- Country: United States
- Language: English
- Genre: Ghost story

Publication
- Published in: Unpublished

= Mrs. Hincher =

"Mrs. Hincher" is an unpublished short story by J. D. Salinger.

==Plot==

The story centers on a married couple, Frank and Paula Hincher, who are struggling to have a child. Mrs. Hincher convinces herself she is pregnant, and claims she needs bedrest. While her doctors tell her otherwise, she determines she will have a child, and sets up a nursery. Her husband finds her staying in bed and soon locking herself in the room. Weeks go by until a young girl is allowed in and reports there is a little baby in there but it won't talk. Overcome with frustration, Mr. Hincher breaks in the bedroom to find Mrs. Hincher curled in the fetal position in a crib. They decide to go on a vacation to Florida, where Mr Hincher subsequently has a mental breakdown in the lobby of the hotel and is sent to an asylum.

==History==

Salinger completed the story in late 1941 and sold this story under the name "Paula" to Stag in 1942 but the magazine decided not to publish the dark tale, referenced by himself as his only documented attempt at the horror genre.
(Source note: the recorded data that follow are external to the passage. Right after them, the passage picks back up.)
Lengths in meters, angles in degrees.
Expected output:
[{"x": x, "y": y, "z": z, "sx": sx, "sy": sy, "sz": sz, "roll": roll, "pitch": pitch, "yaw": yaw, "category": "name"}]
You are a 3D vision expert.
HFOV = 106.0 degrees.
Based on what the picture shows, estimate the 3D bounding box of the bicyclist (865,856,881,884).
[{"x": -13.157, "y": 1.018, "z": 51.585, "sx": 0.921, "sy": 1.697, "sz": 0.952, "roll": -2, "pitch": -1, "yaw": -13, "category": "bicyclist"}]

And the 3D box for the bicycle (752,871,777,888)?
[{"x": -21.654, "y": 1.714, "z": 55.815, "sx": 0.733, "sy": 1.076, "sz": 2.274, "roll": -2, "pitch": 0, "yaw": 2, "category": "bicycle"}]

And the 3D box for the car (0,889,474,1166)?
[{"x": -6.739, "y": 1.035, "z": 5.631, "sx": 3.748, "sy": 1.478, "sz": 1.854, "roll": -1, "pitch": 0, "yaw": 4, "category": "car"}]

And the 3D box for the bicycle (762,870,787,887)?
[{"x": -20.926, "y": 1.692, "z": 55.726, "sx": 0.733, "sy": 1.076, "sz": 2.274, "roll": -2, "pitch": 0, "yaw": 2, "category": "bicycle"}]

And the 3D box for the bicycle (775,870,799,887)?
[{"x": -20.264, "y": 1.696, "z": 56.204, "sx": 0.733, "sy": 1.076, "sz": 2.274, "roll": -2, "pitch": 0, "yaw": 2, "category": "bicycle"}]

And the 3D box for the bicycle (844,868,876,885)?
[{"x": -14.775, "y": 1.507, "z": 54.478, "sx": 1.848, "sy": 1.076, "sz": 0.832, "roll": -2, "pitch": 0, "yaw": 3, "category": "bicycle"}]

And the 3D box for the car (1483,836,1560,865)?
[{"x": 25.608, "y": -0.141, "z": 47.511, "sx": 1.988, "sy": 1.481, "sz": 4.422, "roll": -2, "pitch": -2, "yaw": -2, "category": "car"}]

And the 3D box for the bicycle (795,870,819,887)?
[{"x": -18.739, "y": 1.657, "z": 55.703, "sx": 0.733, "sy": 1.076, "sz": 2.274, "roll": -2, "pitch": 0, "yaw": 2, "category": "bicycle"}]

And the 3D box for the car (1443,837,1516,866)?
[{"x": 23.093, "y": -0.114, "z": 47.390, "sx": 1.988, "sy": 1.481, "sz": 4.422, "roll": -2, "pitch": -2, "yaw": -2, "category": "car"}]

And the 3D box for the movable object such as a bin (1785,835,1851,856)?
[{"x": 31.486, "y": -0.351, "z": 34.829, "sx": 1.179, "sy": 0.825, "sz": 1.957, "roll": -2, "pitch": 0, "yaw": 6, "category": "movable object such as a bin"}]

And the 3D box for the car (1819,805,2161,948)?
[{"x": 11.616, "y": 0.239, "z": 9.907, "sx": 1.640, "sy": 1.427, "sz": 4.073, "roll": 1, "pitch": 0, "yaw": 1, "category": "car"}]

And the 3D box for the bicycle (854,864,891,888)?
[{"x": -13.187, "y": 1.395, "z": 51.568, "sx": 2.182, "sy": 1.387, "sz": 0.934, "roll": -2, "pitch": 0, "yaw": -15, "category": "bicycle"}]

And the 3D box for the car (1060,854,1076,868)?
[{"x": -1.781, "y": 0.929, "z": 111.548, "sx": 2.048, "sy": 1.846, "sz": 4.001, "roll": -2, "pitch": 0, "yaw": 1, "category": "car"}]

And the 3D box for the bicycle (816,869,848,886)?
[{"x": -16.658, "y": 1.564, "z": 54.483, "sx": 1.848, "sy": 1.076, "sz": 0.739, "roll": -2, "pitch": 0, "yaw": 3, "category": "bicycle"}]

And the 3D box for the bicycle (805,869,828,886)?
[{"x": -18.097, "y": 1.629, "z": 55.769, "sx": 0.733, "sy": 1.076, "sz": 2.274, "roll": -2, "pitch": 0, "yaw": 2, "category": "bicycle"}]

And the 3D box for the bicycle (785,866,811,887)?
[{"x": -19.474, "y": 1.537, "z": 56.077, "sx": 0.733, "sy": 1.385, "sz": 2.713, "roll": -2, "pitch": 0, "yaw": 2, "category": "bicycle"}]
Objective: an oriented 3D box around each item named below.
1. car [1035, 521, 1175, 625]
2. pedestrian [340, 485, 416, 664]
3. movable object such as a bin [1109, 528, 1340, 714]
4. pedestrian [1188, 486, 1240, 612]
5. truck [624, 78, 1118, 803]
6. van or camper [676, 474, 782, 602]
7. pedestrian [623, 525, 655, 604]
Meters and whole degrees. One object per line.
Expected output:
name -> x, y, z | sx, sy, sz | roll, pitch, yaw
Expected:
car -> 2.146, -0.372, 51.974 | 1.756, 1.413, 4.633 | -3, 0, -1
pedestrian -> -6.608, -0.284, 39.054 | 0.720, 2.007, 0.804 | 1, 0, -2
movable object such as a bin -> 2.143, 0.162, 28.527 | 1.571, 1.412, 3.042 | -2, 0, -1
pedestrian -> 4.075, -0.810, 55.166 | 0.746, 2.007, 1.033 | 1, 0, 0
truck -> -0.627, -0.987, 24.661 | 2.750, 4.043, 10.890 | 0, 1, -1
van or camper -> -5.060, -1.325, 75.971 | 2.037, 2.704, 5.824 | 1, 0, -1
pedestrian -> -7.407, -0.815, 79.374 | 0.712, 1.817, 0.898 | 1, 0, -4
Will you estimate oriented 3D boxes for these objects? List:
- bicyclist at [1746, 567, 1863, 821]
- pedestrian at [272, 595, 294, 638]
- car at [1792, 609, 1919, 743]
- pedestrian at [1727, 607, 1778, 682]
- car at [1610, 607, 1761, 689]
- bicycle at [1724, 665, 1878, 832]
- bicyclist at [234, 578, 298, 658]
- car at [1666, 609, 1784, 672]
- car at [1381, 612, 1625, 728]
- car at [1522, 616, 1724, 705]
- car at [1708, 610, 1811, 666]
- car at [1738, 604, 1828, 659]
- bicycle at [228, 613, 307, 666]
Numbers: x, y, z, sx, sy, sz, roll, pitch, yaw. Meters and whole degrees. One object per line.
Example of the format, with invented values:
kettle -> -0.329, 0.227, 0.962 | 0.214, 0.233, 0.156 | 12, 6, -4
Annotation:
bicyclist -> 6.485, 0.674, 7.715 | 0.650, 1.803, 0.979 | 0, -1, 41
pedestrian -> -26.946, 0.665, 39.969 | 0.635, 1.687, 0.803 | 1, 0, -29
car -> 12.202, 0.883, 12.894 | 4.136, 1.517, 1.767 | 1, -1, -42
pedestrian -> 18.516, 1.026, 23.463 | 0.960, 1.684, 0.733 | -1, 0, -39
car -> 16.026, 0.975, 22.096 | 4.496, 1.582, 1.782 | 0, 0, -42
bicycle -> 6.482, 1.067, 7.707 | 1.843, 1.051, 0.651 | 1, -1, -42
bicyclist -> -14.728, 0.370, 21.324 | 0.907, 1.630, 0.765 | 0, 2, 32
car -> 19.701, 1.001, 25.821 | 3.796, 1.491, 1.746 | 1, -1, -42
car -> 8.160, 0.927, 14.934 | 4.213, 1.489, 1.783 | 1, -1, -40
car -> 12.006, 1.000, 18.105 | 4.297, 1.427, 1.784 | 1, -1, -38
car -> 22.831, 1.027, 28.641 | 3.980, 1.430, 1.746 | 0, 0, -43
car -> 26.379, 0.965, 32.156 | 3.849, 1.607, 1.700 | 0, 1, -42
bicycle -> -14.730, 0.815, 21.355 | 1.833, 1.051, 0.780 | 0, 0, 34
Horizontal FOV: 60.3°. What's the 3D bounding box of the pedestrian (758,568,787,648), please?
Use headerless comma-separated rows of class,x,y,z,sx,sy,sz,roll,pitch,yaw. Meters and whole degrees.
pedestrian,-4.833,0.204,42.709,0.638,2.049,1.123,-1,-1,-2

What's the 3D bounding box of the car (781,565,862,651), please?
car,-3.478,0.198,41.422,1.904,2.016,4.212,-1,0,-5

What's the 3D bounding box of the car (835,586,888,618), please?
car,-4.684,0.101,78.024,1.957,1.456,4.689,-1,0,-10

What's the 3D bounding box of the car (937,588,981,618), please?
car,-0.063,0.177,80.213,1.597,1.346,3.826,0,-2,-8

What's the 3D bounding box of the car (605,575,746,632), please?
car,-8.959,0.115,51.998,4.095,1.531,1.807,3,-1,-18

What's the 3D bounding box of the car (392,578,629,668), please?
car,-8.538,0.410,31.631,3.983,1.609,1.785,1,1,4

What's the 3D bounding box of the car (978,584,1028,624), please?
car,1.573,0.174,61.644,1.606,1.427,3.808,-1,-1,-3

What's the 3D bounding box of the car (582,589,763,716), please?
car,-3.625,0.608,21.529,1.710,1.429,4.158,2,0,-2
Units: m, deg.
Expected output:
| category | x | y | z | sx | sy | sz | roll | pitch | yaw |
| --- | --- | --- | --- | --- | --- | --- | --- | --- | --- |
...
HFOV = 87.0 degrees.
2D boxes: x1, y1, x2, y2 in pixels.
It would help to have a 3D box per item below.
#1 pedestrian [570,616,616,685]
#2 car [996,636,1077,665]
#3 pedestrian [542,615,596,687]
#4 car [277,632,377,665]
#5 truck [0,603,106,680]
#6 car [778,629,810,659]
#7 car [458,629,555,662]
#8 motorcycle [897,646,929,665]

Salinger's agency was contacted by editors requesting he write a novel, but he was in the army by this time, and could not. In one letter he refers to this story as his only "horror" story. The story is essentially a set of fragments, and is available, as are letters referencing the piece, for a fee and required registration at the Harry Ransom Center at the University of Texas, as well as archives accessible only by his literary agency.